The restaurant fronted on Federal Highway 70, the route that Dylan wanted. He headed northwest.

After using the telephone keypad, Jilly listened, then said, 'Guess the town's too small for nine-one-one service.' She keyed in the number for directory assistance, asked for the police, and passed the phone back to Dylan.

Succinctly, he told the police operator about Lucas Crocker, half drunk and fully thrashed, waiting for an ambulance in the restaurant parking lot.

'May I have your name?' she asked.

'That's not important.'

'I'm required to ask your name-'

'And so you have.'

'Sir, if you were a witness to this assault-'

'I committed the assault,' Dylan said.

Law-enforcement routine seldom took a strange turn here in the sleepy heart of the desert. The unsettled operator was reduced to repeating his statement as a question. 'You committed the assault?'

'Yes, ma'am.

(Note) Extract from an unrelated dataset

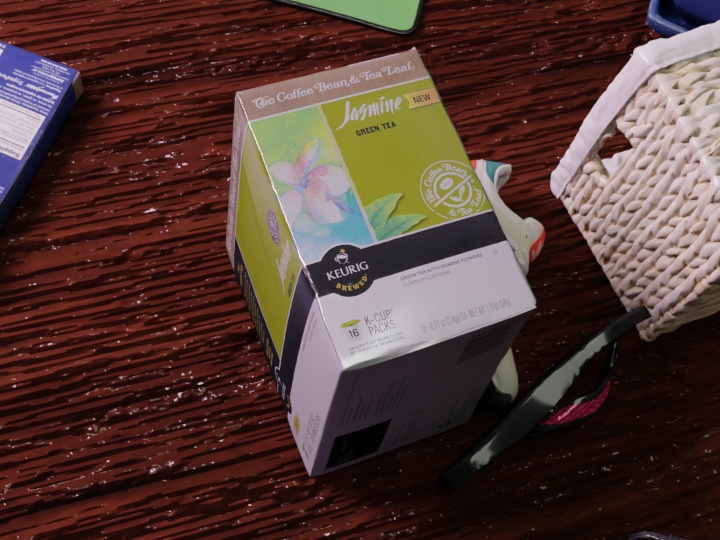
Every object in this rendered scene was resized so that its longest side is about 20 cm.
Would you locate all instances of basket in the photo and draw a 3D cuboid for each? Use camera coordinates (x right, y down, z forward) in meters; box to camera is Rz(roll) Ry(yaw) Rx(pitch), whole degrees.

Now, when you send that ambulance for Crocker, send an officer, too.'

'You're going to wait for our unit?'

'No, ma'am. But before the night's out, you'll arrest Crocker.'

'Isn't Mr. Crocker the victim?'

'He's my victim, yes. But he's a perpetrator in his own right. I know you're thinking it's me you'll want to be arresting, but trust me, it's Crocker. You also need to send another patrol car-'

'Sir, filing a false police report is-'

'I'm not a hoaxer, ma'am. I'm guilty of assault, phone theft, breaking a car window with a man's face – but I'm not into pranks.'

'With a man's face?'

'I didn't have a hammer. Listen, you also need to send a second patrol car and an ambulance to the Crocker residence out on… Fallon Hill Road. I don't see a house number, but as small as this town is, you probably know the place.'

'You're going to be there?'

'No, ma'am. Who's out there is Crocker's elderly mother. Noreen, I think her name is. She's chained in the basement.'

'Chained in the basement?'

'She's been left in her own filth for a couple weeks now, and it's not a pretty situation.'

'You chained her in the basement?'

'No, ma'am. Crocker wrangled a power of attorney, and he's starving her to death while he gradually loots her bank accounts and sells off her belongings.'

'And where can we find you, sir?'

'Don't you worry about me, ma'am. You're going to have your hands full enough tonight.'

He pushed END, then switched the phone off and handed it to Jilly. 'Wipe it clean and throw it out the window.'

She used a Kleenex and disposed of it with the phone.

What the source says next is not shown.